Listed records Block Start

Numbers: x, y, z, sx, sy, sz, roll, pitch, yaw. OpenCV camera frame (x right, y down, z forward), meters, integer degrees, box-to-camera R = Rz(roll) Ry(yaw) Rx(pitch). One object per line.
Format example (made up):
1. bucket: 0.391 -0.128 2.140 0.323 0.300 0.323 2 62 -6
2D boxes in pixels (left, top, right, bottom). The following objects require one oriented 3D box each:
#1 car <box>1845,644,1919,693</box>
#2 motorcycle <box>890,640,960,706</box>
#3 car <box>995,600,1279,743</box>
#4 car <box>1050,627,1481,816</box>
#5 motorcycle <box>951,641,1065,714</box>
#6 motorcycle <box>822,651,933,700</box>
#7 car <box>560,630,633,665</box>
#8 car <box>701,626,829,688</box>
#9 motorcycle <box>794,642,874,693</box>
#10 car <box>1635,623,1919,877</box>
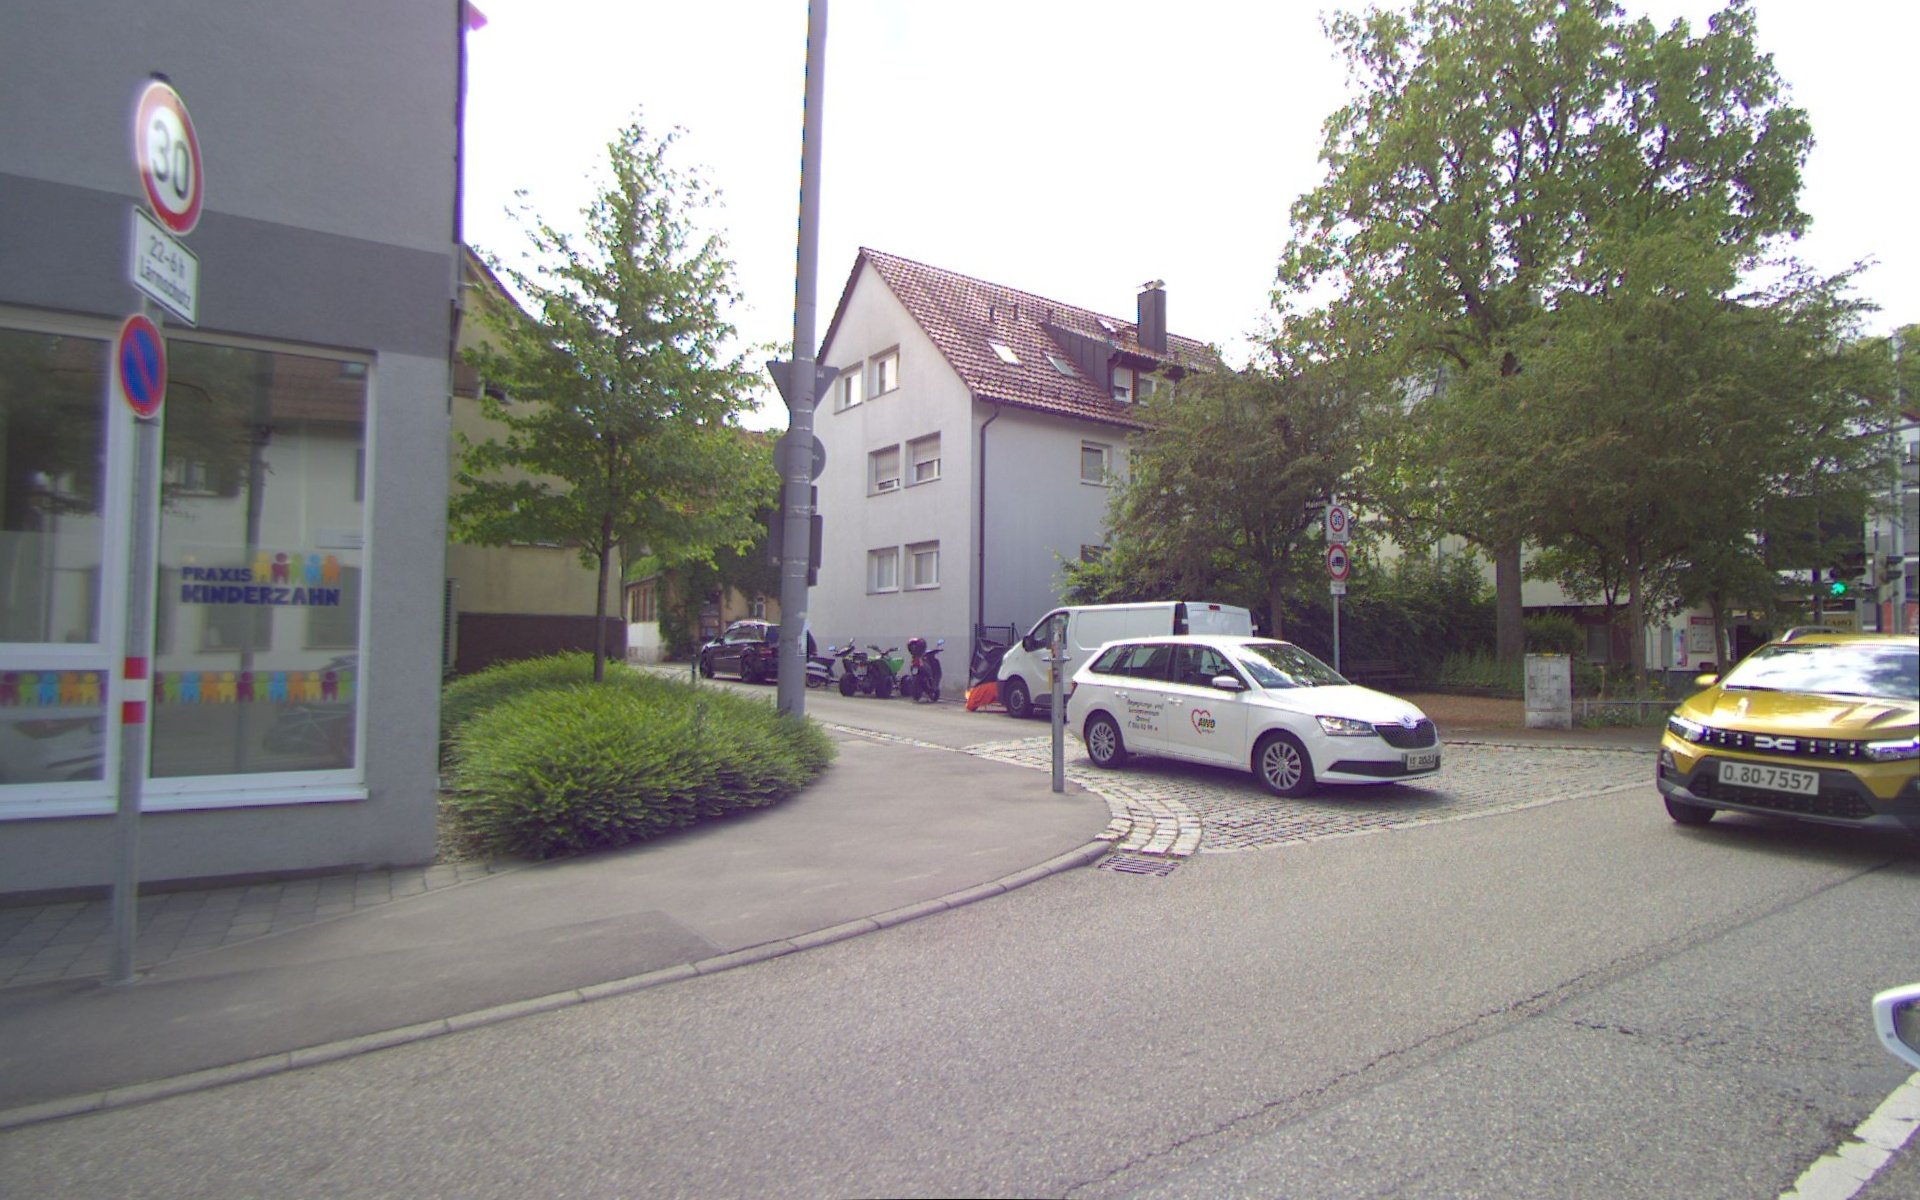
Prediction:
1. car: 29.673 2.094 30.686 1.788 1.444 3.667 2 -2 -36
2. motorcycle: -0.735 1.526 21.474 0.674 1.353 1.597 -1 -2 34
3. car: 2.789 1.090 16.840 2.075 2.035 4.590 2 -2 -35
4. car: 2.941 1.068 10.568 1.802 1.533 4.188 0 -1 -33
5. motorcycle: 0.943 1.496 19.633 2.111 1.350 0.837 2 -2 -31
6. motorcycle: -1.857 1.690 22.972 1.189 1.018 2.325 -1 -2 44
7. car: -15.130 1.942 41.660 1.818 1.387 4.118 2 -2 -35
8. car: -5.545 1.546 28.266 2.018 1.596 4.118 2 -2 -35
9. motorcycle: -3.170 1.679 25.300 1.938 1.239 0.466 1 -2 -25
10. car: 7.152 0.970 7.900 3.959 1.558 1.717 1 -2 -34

Listed records Block End
Listed records Block Start

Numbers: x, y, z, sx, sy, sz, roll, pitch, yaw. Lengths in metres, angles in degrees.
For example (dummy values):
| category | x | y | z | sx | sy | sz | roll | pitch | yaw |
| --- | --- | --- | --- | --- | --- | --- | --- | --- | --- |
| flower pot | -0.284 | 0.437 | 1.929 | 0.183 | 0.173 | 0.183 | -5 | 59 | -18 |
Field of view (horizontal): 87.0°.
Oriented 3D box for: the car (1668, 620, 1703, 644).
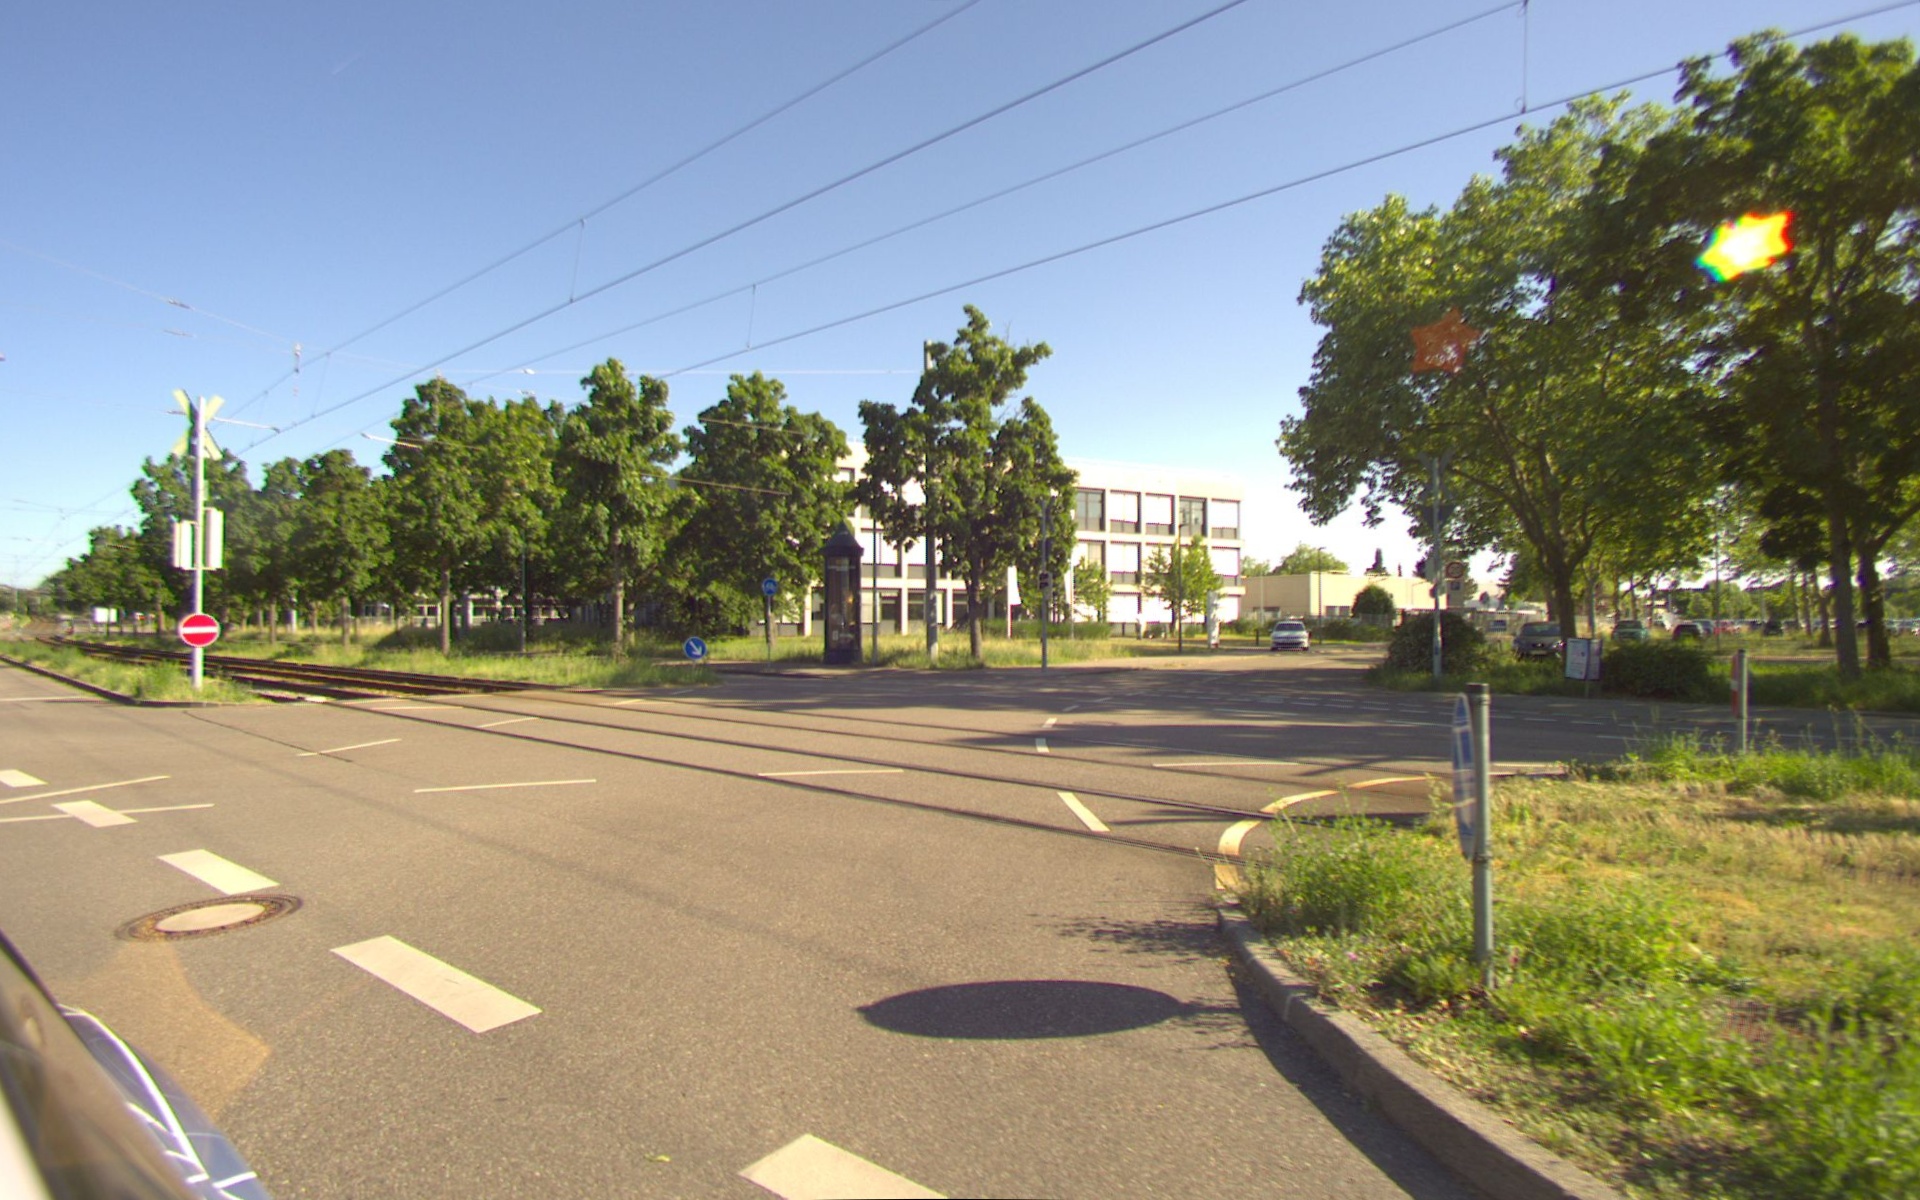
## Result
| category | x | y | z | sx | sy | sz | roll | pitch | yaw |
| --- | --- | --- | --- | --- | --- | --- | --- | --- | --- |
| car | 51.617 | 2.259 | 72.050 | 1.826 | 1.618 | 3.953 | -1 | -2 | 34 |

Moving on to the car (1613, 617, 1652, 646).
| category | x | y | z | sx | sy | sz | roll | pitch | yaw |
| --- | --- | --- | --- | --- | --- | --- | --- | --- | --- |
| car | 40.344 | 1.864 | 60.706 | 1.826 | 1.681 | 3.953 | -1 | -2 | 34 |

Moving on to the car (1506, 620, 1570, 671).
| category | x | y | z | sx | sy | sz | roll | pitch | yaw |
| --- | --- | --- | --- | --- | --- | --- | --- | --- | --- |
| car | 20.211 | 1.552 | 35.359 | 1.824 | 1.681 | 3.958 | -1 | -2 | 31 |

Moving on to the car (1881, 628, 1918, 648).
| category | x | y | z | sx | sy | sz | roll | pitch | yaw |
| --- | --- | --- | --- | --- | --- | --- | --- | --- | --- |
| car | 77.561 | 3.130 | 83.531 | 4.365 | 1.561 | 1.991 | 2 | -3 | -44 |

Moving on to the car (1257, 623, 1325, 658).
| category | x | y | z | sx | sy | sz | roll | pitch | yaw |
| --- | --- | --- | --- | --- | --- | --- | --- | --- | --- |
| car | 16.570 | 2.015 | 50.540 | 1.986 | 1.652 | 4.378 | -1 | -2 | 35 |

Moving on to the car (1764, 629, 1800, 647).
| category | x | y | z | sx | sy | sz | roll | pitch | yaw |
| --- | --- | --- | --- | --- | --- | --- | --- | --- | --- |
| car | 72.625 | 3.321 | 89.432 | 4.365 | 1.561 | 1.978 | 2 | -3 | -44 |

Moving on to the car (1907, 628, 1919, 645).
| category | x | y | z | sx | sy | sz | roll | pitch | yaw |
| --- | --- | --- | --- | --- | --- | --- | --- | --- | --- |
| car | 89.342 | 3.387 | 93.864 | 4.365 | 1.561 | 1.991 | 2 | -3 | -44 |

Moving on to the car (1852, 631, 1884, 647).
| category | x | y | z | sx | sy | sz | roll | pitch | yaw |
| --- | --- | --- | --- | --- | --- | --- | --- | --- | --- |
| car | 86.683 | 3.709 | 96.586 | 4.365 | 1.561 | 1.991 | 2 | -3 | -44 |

Listed records Block End
Listed records Block Start

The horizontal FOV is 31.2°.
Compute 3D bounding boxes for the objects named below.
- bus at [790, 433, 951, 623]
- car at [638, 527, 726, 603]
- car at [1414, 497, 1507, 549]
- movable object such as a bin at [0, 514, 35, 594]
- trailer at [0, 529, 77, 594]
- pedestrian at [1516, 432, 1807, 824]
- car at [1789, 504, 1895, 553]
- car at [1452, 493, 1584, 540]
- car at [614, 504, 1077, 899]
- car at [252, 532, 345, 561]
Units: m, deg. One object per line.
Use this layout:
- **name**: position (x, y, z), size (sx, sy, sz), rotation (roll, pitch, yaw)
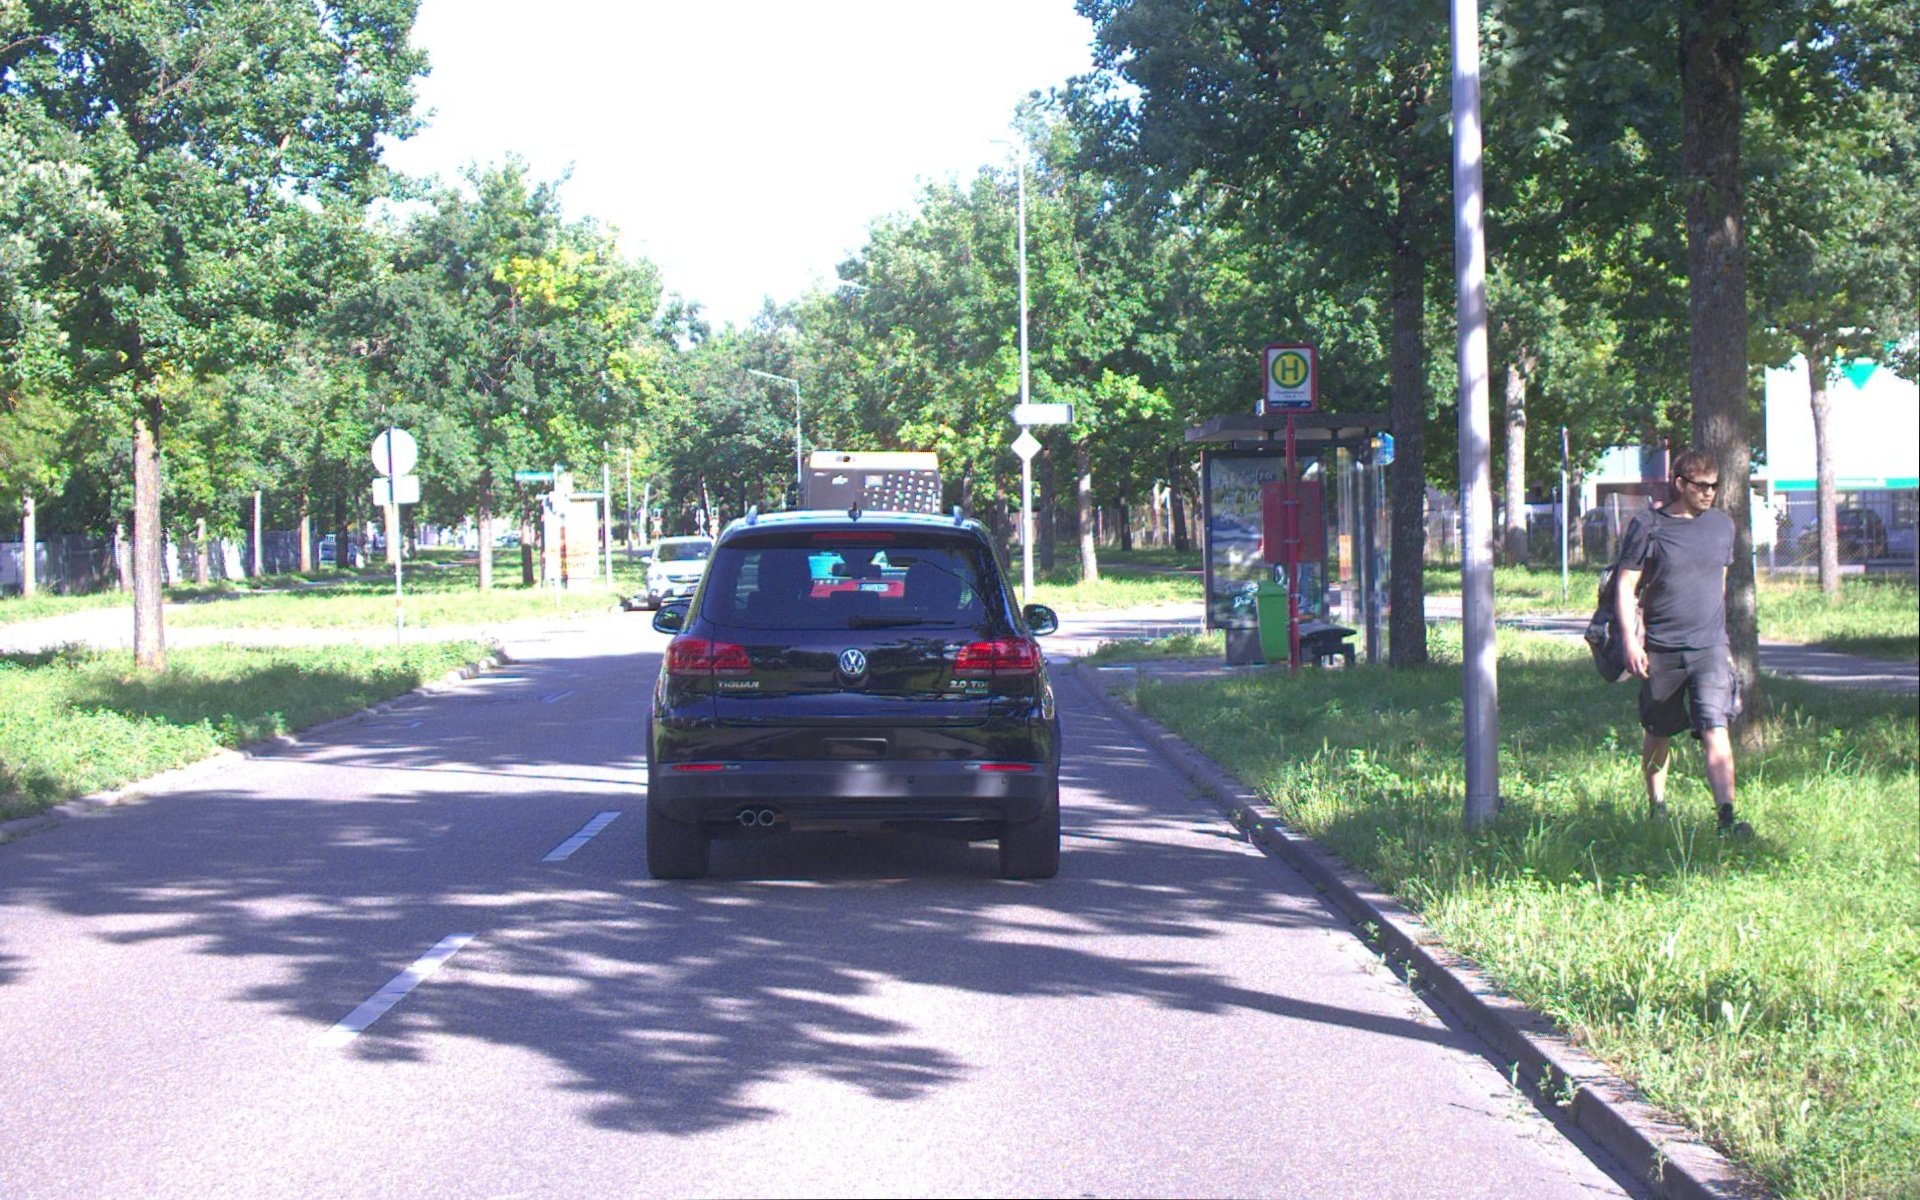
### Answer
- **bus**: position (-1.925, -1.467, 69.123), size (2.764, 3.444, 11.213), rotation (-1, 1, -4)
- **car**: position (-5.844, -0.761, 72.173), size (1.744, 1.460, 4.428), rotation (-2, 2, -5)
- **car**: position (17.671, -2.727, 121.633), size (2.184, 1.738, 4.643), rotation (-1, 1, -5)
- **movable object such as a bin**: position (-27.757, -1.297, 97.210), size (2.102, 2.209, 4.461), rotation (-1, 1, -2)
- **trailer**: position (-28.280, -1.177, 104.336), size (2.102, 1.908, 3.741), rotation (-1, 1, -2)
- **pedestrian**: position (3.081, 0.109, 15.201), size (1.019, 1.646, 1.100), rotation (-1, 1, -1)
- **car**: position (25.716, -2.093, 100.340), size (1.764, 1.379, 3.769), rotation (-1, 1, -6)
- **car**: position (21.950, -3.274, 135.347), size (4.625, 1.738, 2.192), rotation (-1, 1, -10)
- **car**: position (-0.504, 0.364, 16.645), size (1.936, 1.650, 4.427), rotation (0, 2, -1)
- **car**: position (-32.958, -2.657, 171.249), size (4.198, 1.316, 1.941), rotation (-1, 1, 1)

Listed records Block End

List the lines of the material in which the word "degrees" occurs.

Result of the exercise:
Numbers: x, y, z, sx, sy, sz, roll, pitch, yaw. OpenCV camera frame (x right, y down, z forward), meters, integer degrees, box-to-camera R = Rz(roll) Ry(yaw) Rx(pitch). One object per line.
Numbers: x, y, z, sx, sy, sz, roll, pitch, yaw. Lengths in metres, angles in degrees.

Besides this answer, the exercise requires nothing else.